If so, I’m not sure I’d even consider that a problem. If the goal is for it to give you a query to run, and you ask it “let’s do it in a transaction”, it’s a reasonable thing for it to simply inform you, “yeah you can just type begin first” since it’s assuming you’re going to be pasting the query in anyway. And yeah, it does use fewer tokens, assuming the query was long. Similar to how, if it gave me a command to run, and I say “I’m getting a permission denied”, it would be reasonable for it to say “yeah do it as root, put sudo before the command”, and it’s IMO reasonable if it didn’t repeat the whole thing verbatim just with the word “sudo” first.

But if the context was that you actually expected it to run the query for you, and instead it just said “here, you run it”, then yeah that’s lazy and I’d understand the shock.
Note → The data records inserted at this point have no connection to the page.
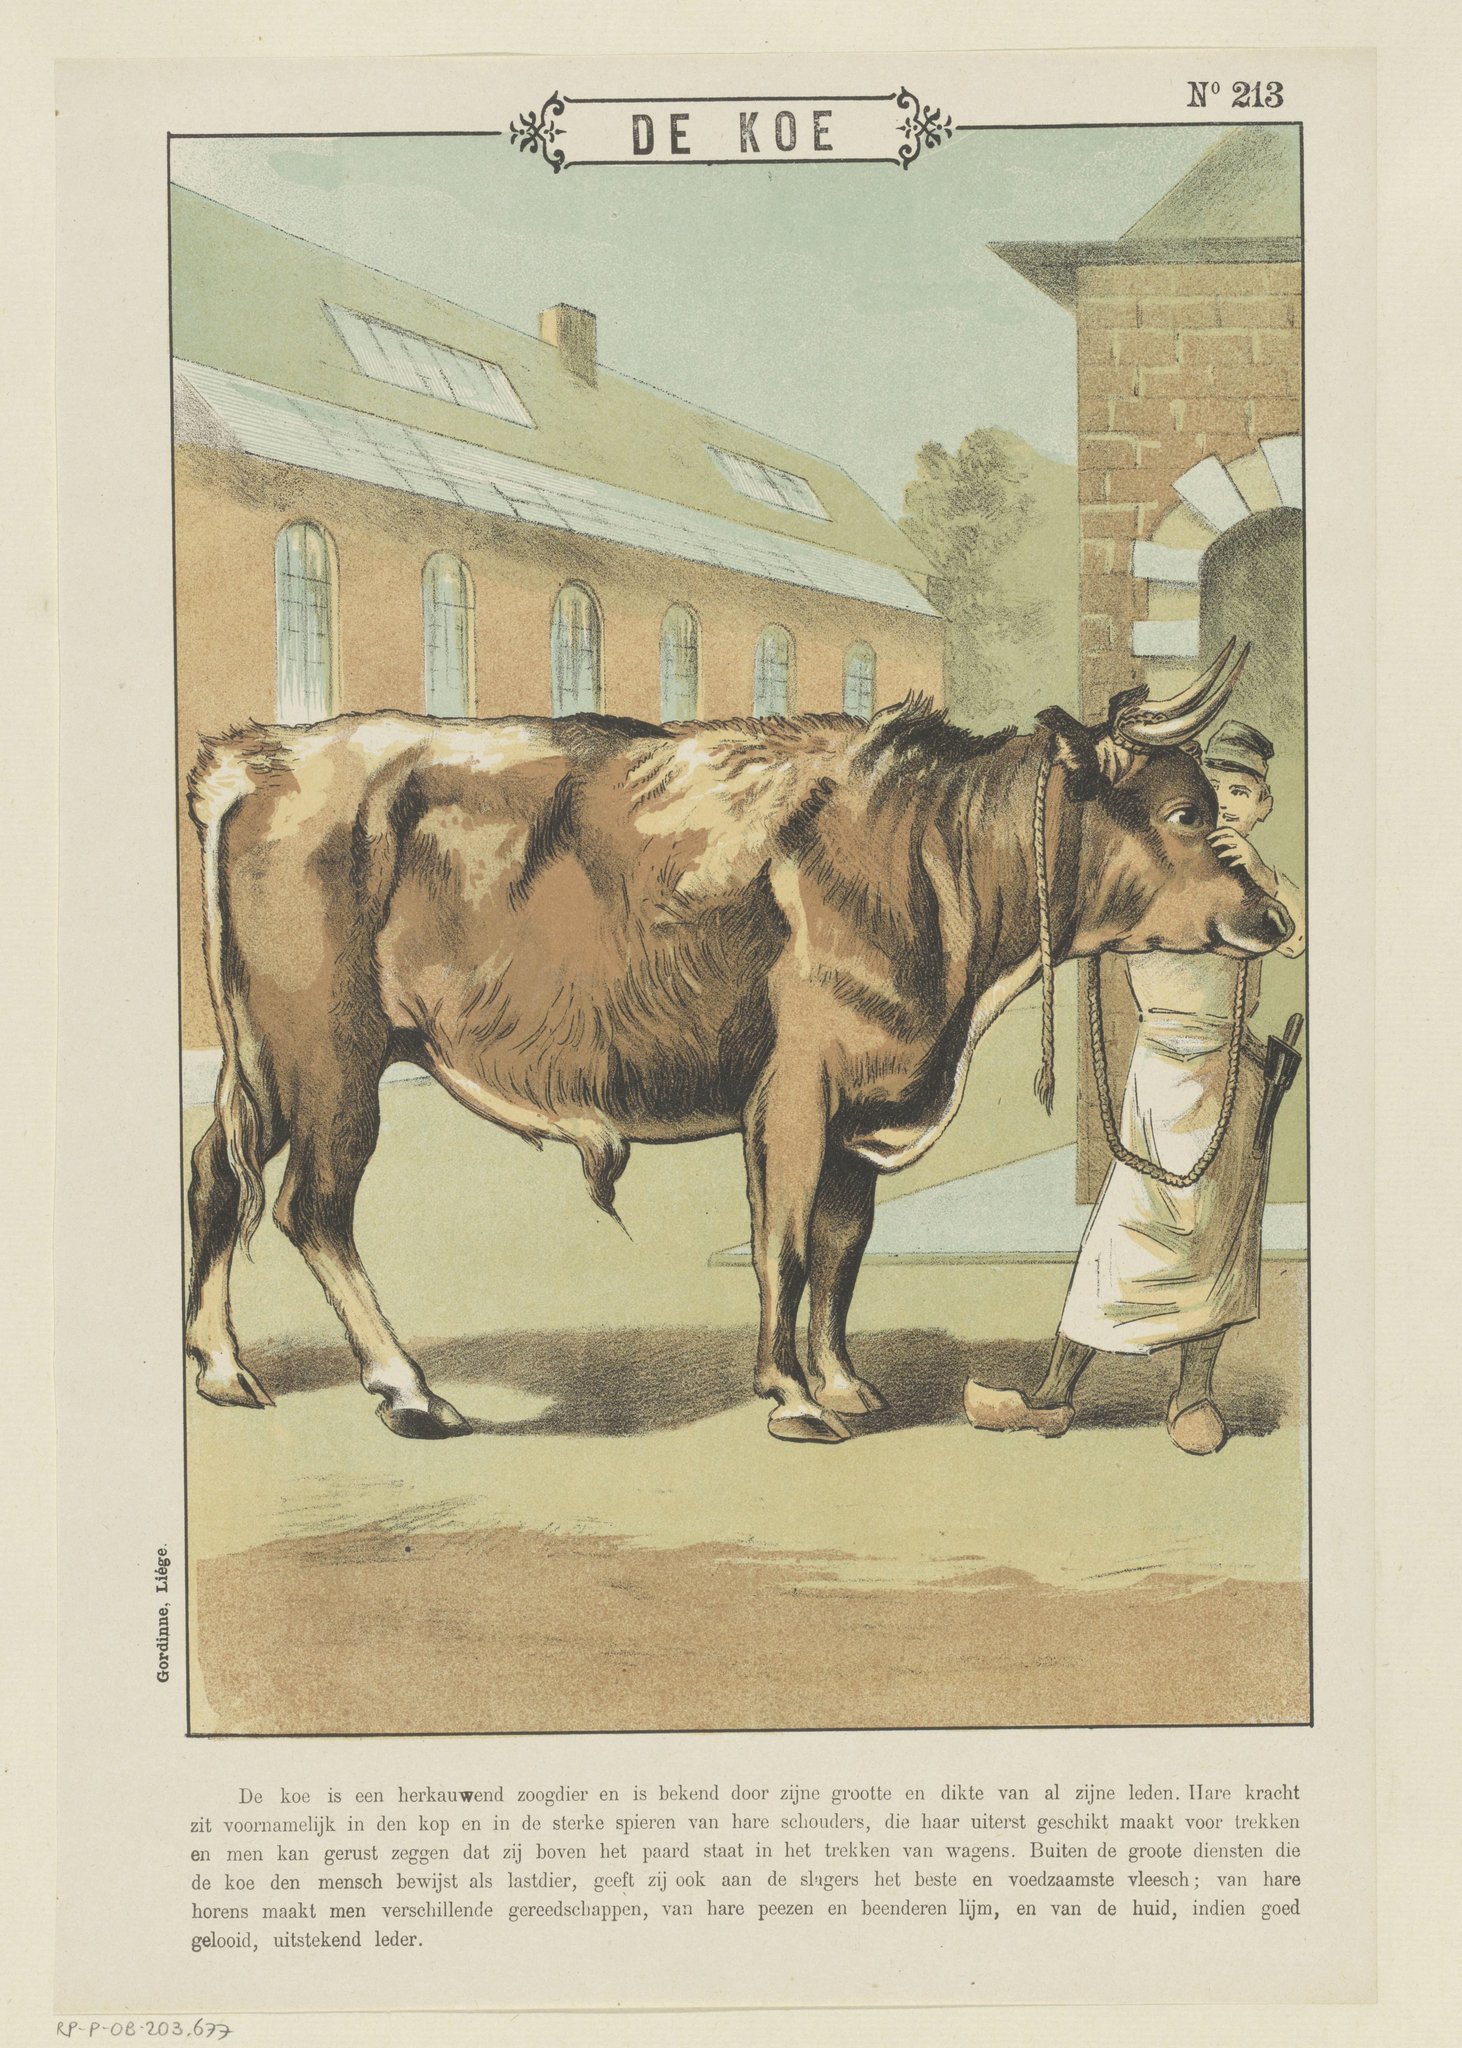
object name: print
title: De koe
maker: Anonymous
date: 1894-1959
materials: paper
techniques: lithograph, letterpress printing
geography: liège
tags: cow
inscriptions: collector's mark: Lugt 2760
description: Blad met een grote voorstelling van een koe. In de ondermarge een onderschrift. Genummerd rechtsboven: No 213.
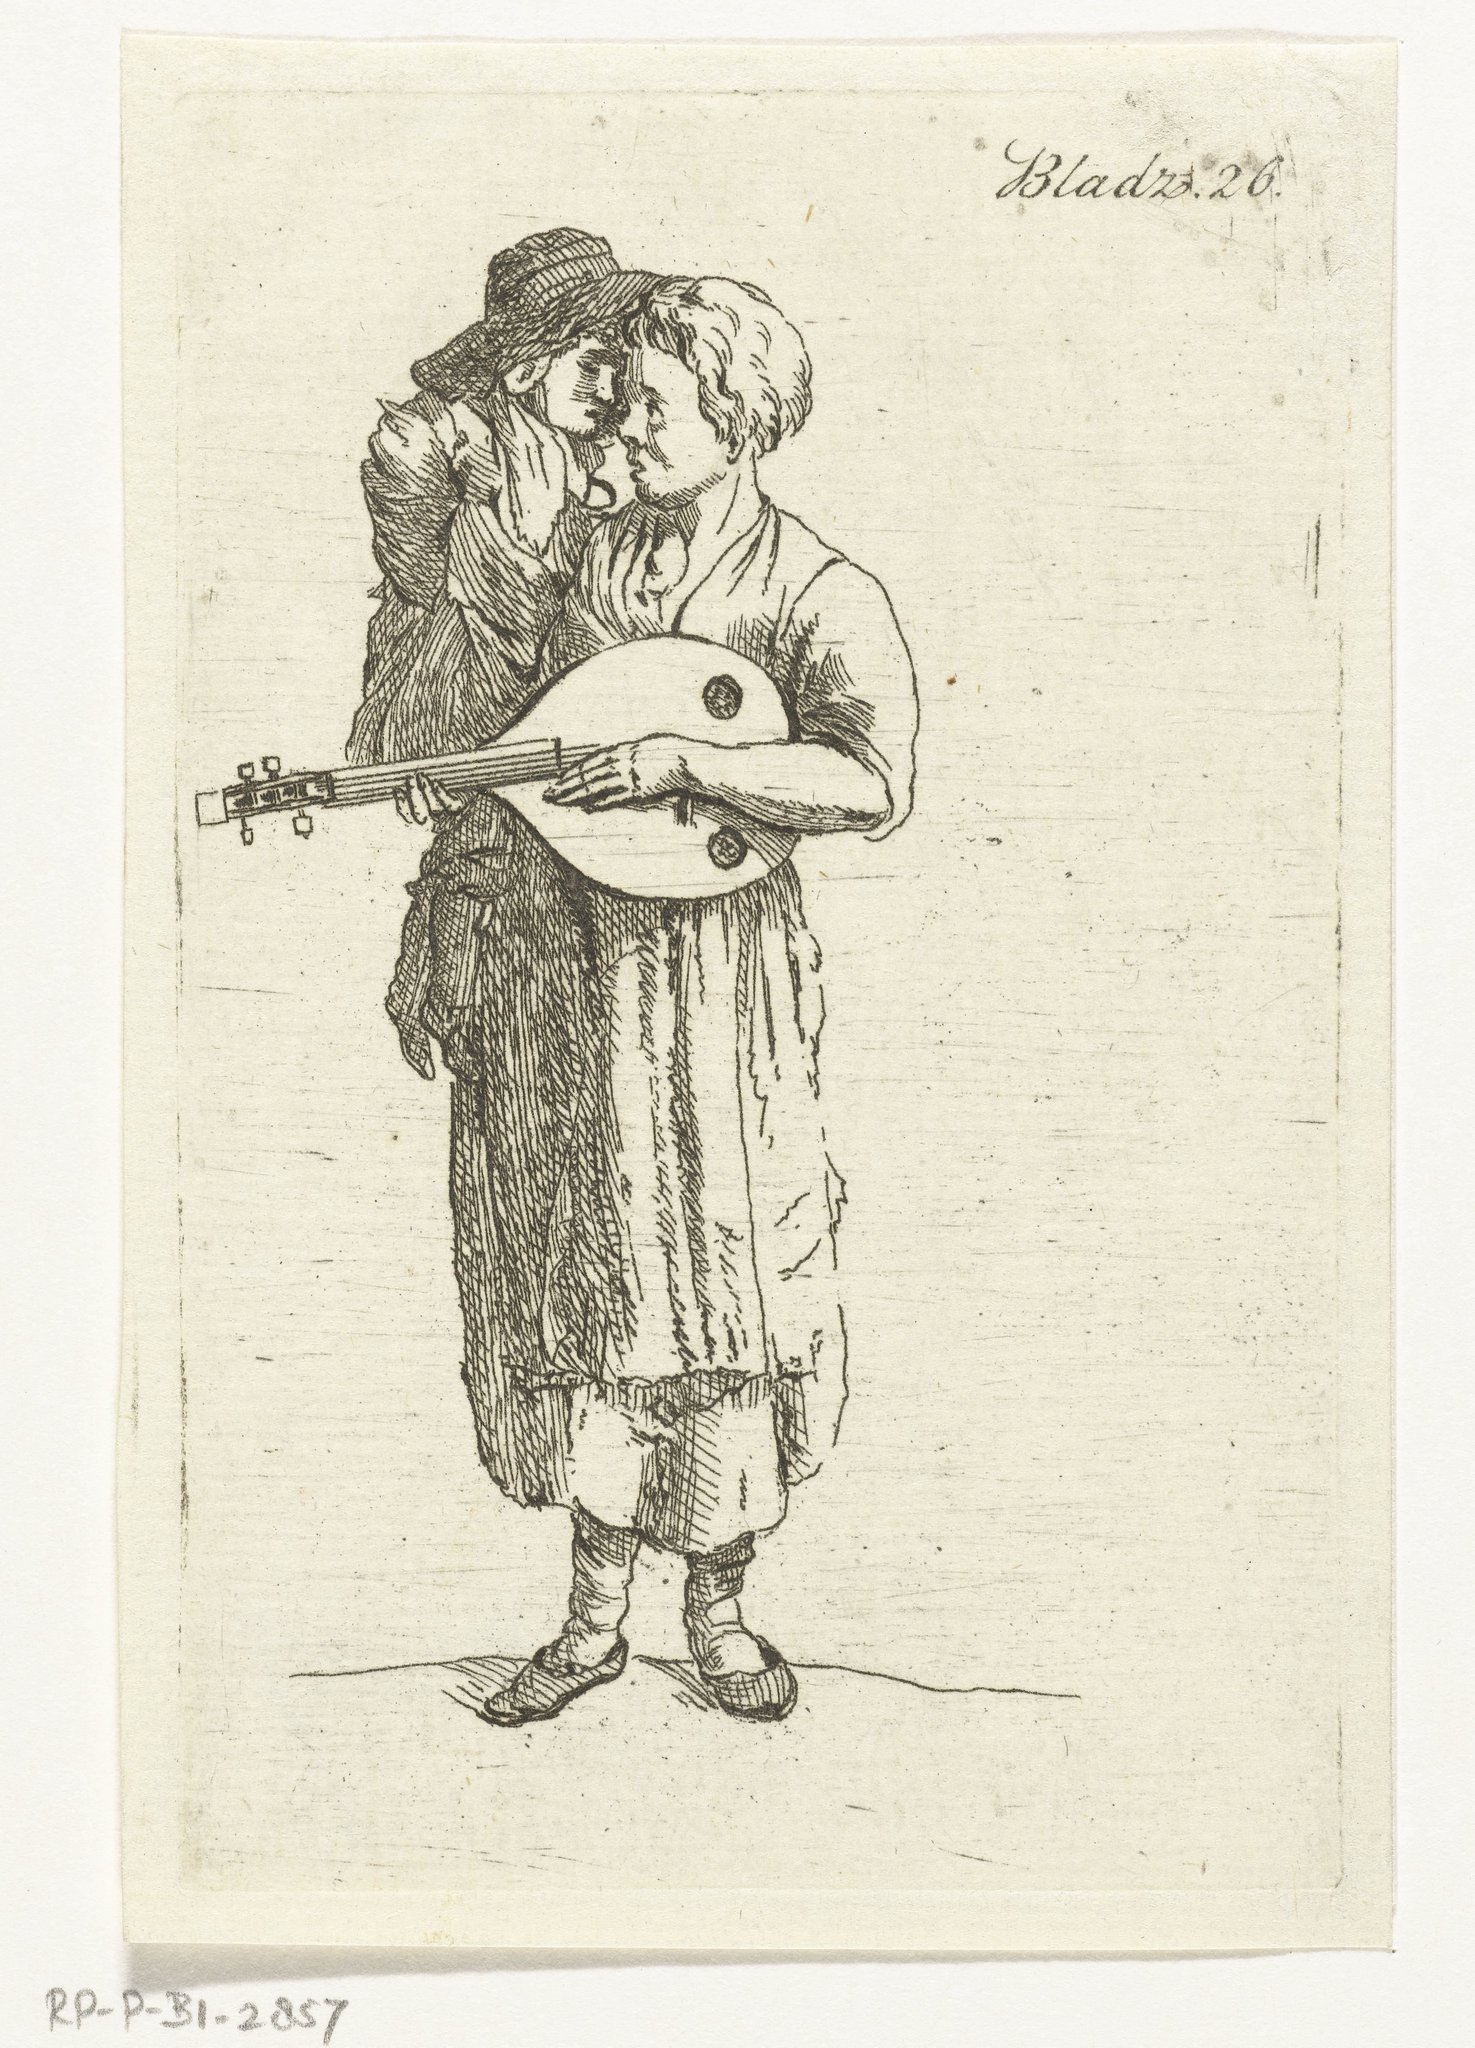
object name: print
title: Staande figuren
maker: anthonie van den bos
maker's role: draughtsman, print maker
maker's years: 1763-1838
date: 1778-1838
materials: paper
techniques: etching
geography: netherlands
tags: puppet, minstrel, 'jongleur', standing figure (canon, proportions)
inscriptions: collector's mark: Lugt 2228
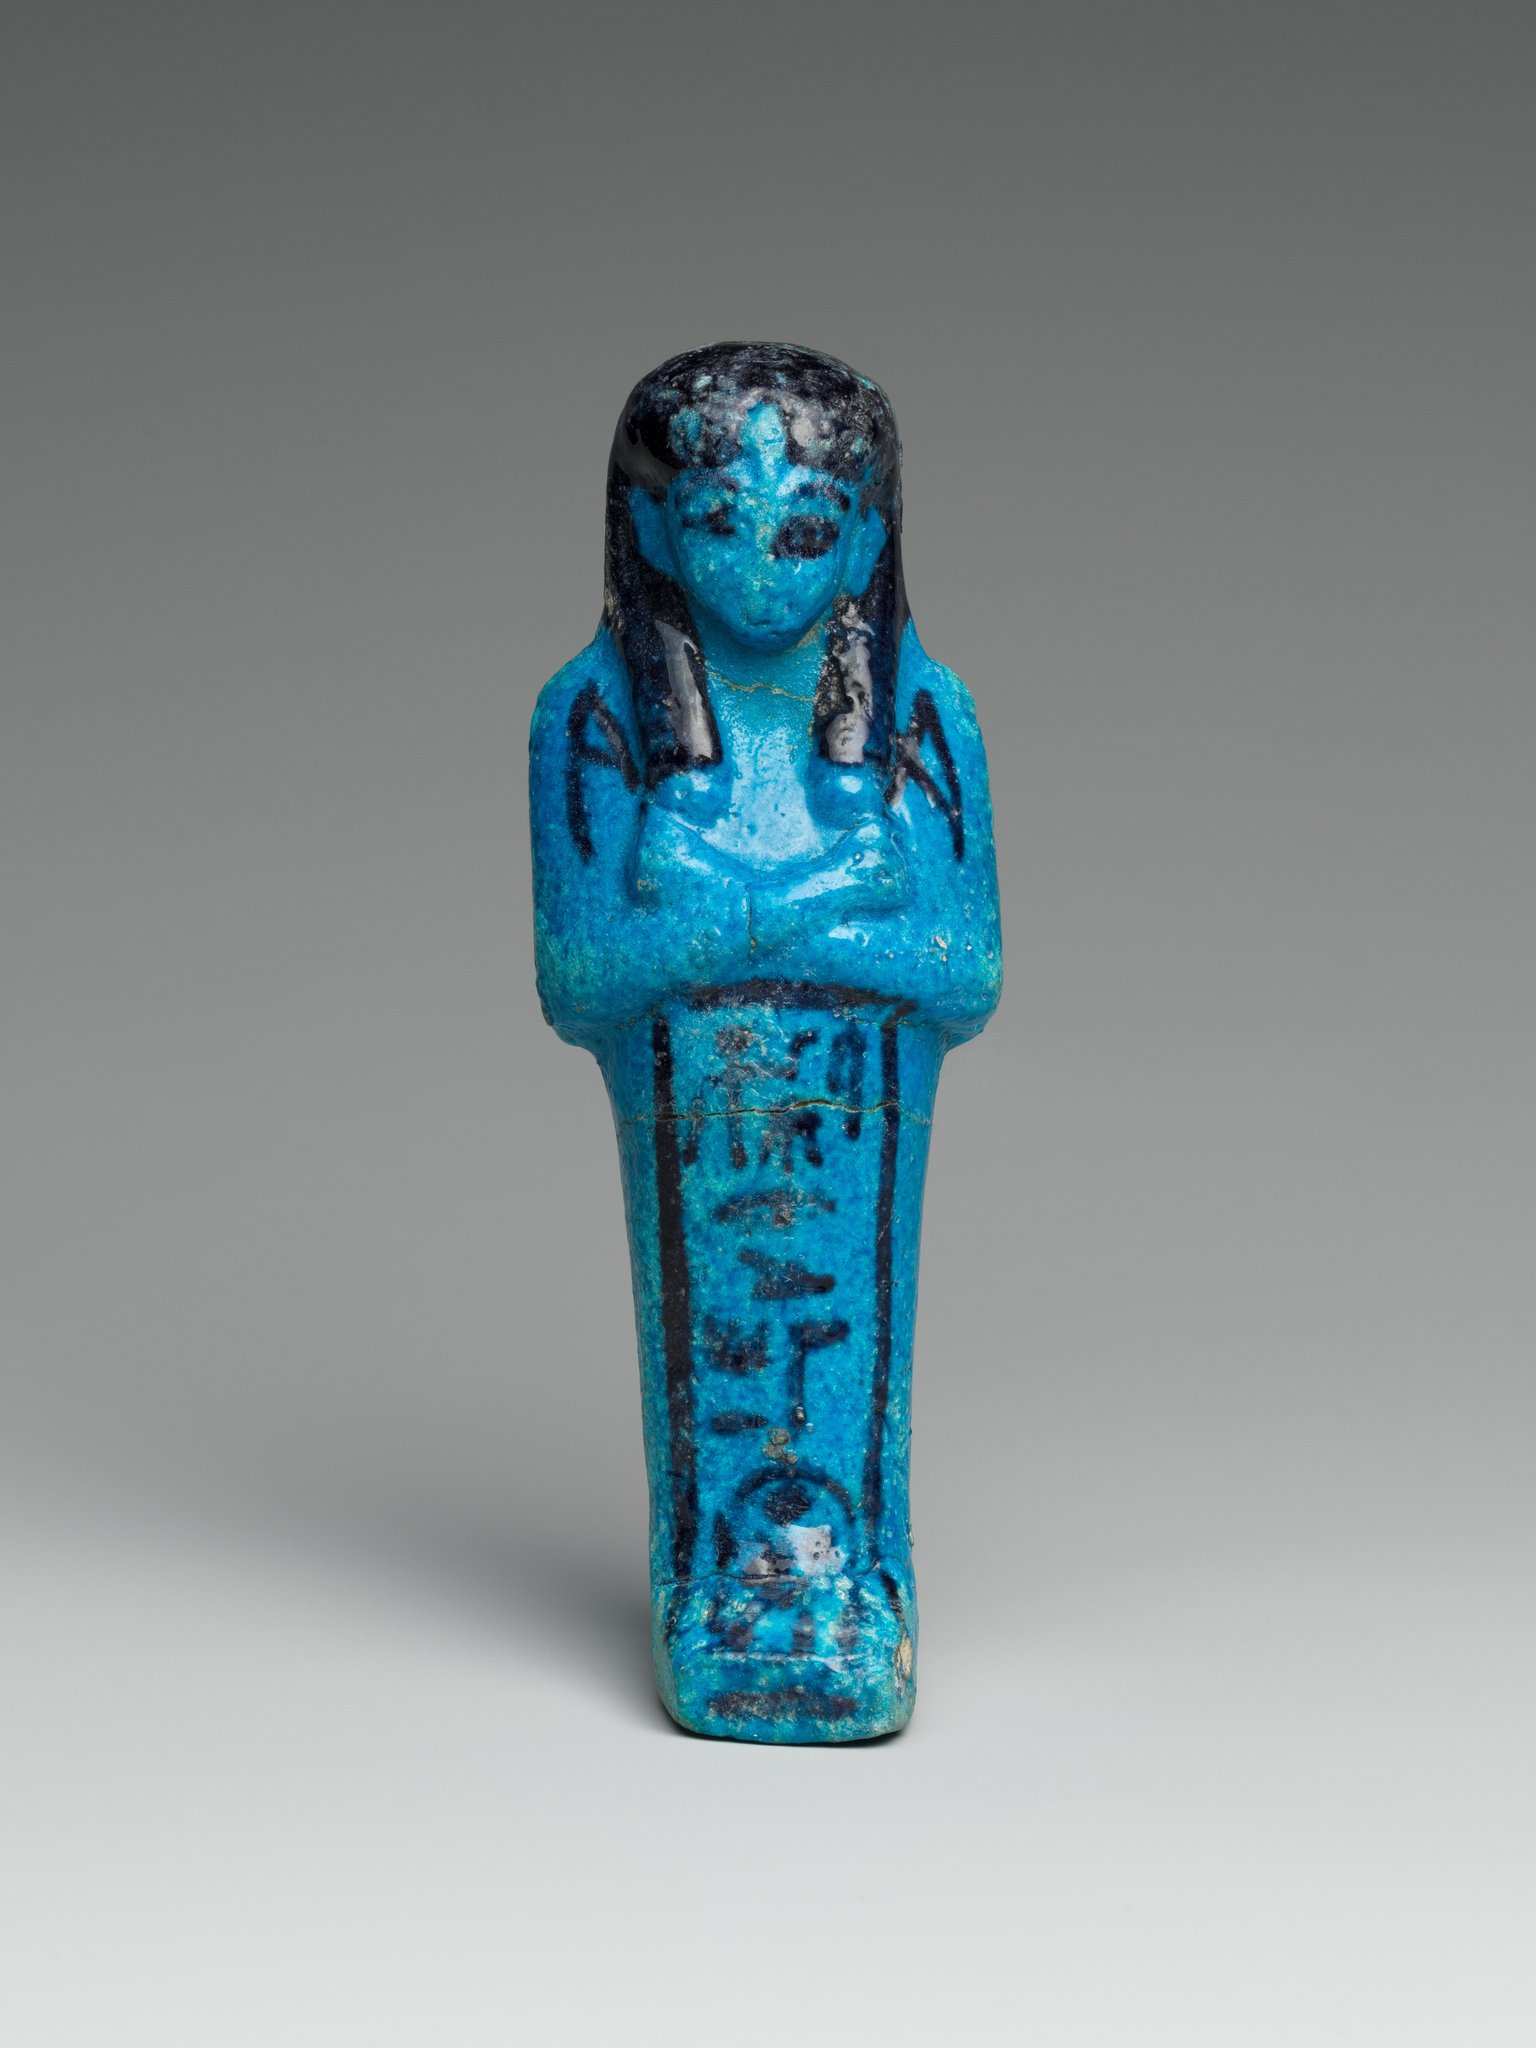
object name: shabti, god's wife maatkare
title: Shabti of the God's Wife Maatkare, daughter of Painedjem I
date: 1070-1032 BCE
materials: faience
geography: upper egypt, thebes

endymi0n · 2026-04-24T20:23:20 1777062200

OpenAI is the first company that has reached a level of intelligence so high, the model has finally become smart enough to make YOU do all the work. Emergent behavior in action.

All earnesty aside, OpenAI’s oddly specific singular focus on “intelligence per token” (also in the benchmarks) that literally noone else pushes so hard eerily reminds me of Apple’s Macbook anorexia era pre-M1. One metric to chase at the cost of literally anything else. GPT-5.3+ are some of the smartest models out there and could be a pleasure to work with, if they weren’t lazy bastards to the point of being completely infuriating.

syspec · 2026-04-24T19:55:54 1777060554

Can't tell if above is good or bad.

wincy · 2026-04-25T02:18:49 1777083529

I mean, I was doing triage, so wanted an immediate fix. The actual issue is we’re getting some exploding complexity when double checking the action the API is taking is valid in the data. So that needs to be refactored. I suppose it reduces token usage, but Claude Opus will happily do exactly what I want it to.

hbn · 2026-04-24T20:24:07 1777062247

GPT-5.5 shatters benchmarks for amount of faith it puts in the user.